• About this exercise: Look through the entries below, please, and copy every line with the word "Could".
Input records below:
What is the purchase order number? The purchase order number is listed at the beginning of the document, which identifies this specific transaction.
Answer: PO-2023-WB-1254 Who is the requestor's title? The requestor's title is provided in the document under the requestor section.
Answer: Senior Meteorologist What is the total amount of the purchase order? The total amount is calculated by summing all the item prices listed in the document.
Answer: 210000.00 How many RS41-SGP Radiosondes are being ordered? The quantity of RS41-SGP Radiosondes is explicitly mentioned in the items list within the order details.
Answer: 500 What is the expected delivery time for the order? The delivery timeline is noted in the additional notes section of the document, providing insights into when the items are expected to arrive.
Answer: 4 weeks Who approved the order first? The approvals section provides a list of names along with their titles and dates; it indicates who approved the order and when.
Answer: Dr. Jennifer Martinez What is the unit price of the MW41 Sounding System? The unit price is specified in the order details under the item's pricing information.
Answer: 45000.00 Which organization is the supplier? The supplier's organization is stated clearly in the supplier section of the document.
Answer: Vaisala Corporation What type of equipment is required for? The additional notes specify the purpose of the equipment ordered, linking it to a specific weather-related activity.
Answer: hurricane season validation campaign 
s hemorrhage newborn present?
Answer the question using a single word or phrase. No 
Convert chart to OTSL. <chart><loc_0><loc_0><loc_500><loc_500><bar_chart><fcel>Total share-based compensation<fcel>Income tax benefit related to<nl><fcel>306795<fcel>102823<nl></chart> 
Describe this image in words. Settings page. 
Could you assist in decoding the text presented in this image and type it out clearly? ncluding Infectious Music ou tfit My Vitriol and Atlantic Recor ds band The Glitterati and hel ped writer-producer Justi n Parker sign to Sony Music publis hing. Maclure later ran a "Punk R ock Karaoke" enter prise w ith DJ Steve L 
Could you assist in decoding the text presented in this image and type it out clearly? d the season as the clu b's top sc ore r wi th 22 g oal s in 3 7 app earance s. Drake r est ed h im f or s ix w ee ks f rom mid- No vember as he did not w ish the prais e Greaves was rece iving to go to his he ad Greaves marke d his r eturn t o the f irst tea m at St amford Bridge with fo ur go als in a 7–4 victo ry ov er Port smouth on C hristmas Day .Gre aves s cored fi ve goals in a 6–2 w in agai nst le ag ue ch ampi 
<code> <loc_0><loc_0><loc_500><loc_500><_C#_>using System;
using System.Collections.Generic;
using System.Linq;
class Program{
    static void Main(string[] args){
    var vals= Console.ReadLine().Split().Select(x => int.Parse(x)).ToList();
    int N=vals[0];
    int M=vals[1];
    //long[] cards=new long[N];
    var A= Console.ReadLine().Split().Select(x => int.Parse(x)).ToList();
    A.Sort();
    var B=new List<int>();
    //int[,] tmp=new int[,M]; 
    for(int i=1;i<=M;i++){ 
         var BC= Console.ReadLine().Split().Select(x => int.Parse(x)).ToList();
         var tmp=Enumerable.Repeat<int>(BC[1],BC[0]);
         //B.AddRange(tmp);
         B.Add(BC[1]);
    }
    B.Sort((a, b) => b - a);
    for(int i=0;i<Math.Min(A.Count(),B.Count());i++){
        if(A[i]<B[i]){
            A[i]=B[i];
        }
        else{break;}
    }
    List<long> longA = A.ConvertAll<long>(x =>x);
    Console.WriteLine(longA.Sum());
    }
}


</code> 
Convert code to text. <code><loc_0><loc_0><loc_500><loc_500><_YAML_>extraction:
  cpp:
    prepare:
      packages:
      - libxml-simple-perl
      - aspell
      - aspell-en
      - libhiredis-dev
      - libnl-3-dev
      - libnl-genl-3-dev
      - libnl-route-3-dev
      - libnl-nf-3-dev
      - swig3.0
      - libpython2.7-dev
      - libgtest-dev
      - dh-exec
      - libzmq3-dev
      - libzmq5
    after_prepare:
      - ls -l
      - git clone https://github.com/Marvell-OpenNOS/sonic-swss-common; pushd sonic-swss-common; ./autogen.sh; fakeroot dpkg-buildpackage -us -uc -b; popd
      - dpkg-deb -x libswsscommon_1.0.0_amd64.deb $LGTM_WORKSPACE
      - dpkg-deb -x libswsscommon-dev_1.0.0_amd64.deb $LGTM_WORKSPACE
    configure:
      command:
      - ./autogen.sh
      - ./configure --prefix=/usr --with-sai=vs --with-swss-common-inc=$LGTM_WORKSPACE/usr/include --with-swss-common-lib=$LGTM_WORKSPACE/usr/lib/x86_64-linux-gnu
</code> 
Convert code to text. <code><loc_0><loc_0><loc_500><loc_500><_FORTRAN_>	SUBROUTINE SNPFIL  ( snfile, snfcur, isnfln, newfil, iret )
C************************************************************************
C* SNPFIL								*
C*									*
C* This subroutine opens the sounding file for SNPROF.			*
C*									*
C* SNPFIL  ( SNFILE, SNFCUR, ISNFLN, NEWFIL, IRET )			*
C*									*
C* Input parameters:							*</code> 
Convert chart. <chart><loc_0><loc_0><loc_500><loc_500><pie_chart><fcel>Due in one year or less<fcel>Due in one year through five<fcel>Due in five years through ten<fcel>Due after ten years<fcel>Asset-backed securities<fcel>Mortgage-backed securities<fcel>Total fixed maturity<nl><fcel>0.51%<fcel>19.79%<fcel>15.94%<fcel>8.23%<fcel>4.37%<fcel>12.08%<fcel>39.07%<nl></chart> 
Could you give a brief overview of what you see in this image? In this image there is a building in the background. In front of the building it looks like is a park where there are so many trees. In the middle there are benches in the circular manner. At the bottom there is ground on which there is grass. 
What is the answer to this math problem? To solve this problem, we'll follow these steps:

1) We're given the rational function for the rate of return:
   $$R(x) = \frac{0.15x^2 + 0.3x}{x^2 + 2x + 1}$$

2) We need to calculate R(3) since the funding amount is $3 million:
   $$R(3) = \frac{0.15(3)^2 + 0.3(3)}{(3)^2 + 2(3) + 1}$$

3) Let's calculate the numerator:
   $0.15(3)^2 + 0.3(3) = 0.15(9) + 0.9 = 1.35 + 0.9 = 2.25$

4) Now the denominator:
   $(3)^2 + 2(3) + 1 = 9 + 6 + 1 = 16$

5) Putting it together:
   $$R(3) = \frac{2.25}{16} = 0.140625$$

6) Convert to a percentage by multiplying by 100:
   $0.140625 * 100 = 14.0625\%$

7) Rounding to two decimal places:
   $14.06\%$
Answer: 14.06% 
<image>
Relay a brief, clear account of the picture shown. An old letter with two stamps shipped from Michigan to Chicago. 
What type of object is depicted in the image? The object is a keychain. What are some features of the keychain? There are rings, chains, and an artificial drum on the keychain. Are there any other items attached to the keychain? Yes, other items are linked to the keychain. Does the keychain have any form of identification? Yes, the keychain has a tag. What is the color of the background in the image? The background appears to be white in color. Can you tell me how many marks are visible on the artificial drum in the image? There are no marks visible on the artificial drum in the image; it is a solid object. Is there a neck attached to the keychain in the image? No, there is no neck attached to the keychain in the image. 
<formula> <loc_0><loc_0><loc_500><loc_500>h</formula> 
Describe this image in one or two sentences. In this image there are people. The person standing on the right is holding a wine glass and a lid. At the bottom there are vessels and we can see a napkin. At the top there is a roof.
End of Input records.
• Written solution:
Could you assist in decoding the text presented in this image and type it out clearly? ncluding Infectious Music ou tfit My Vitriol and Atlantic Recor ds band The Glitterati and hel ped writer-producer Justi n Parker sign to Sony Music publis hing. Maclure later ran a "Punk R ock Karaoke" enter prise w ith DJ Steve L 
Could you assist in decoding the text presented in this image and type it out clearly? d the season as the clu b's top sc ore r wi th 22 g oal s in 3 7 app earance s. Drake r est ed h im f or s ix w ee ks f rom mid- No vember as he did not w ish the prais e Greaves was rece iving to go to his he ad Greaves marke d his r eturn t o the f irst tea m at St amford Bridge with fo ur go als in a 7–4 victo ry ov er Port smouth on C hristmas Day .Gre aves s cored fi ve goals in a 6–2 w in agai nst le ag ue ch ampi 
Could you give a brief overview of what you see in this image? In this image there is a building in the background. In front of the building it looks like is a park where there are so many trees. In the middle there are benches in the circular manner. At the bottom there is ground on which there is grass. 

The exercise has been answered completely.